My experience is like yours. I've used strings many times for jobs like this and never had a problem. If I were looking for truly level, I've used clear vinyl tubing to make a water level and that works quite well. 



woodnthings said:


> Instead of hogging, drilling, routing away large amounts of material, consider a built up mortise. Imagine a 1 X 4 on it's flat. On top are sections of 2 x 4 located and spaced apart to form the mortises for your rails. On top of that in another 1 X 4 which make the lamination complete.
> A weatherproof glue and some screws will hold it all together. A few passes in the planer or over the jointer and the glue line will be invisible.


Pressure treated wood is always so wet. I don't think I'd be brave enough try this method in this application. Especially since they're going to be in the ground. It's a clever method, though, so thanks for the input.



FrankC said:


> With the fence shown in the photo the post are set, then the rails are fed through the posts, how would a mortice and tenon style rail be installed?


That's a good question, FrankC. I guess I convinced myself that they'd go in one-by-one with the rails being installed as you go. Another option may be to make them through like you mentioned. 

At this point, I am leaning towards the lap joint idea, but I'm concerned with stability. PT wood is just so unstable to begin with and hogging that amount of waste on one side seems like it would cause the posts to buckle as they dry. 

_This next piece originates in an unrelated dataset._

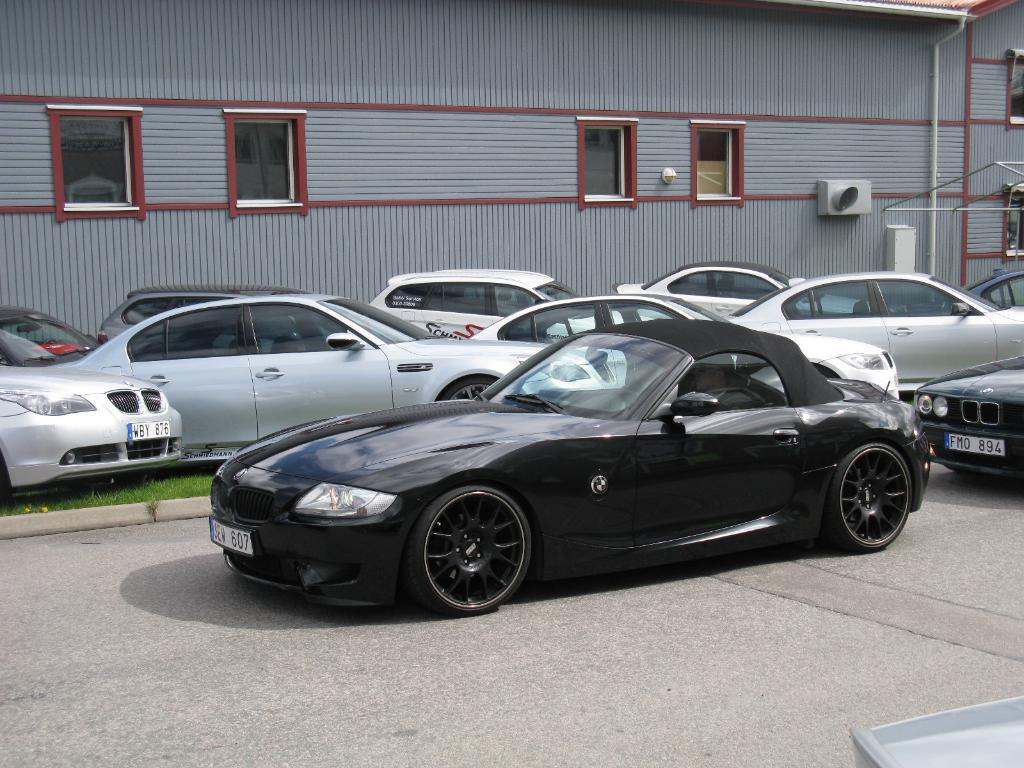What is the main subject in the center of the image? There are cars in the center of the image. What is the setting of the image? There is a road in the image. What can be seen in the background of the image? There is a building in the background of the image. What feature of the building is mentioned in the facts? There are windows in the building. What type of meat is being served at the party in the image? There is no party or meat present in the image; it features cars on a road with a building in the background.

I believe that the dadoes will cause the post to want to warp inwards towards the cut side (anybody know?). If that's the case, but the dadoes are filled by the rails, will this be enough to keep them reasonably straight? I mean, it's just fence, but still, I don't want a noticeable warp... Any thoughts?


----------



## shoot summ (Feb 21, 2014)

NickDIY said:


> My experience is like yours. I've used strings many times for jobs like this and never had a problem. If I were looking for truly level, I've used clear vinyl tubing to make a water level and that works quite well.
> 
> 
> Pressure treated wood is always so wet. I don't think I'd be brave enough try this method in this application. Especially since they're going to be in the ground. It's a clever method, though, so thanks for the input.
> ...


I really don't think it will cause any issues, you could alternate sides to create an interesting pattern.

I forgot to mention another option, although since this is a budget install it probably won't work.

I wrapped 2" steel posts with cedar to look like 6x6's. Would be pretty easy to incorporate the mortise into the wrap, much like woodsnthings mentioned.


----------



## NickB (Sep 24, 2013)

This project is finally DONE!

Here's the thread.

Thanks again, shoot summ. I went with your dado idea.


----------



## Brian T. (Dec 19, 2012)

What a beautiful result!
If you had cared only for a rustic split western red cedar post and rail fence, come and visit.
BKB Cedar has the most violent and ferocious mortice cutter machine that I have ever seen.
I did not know that such tools could be bought!

Stuff a rail into the tenon machine, what happens in there, I don't need to know.


----------



## NickB (Sep 24, 2013)

Thanks, Robson Valley. I've done a couple mortises with a plunge router jig and I can only imagine that in the form you're describing. Something I'd like to see, actually!


----------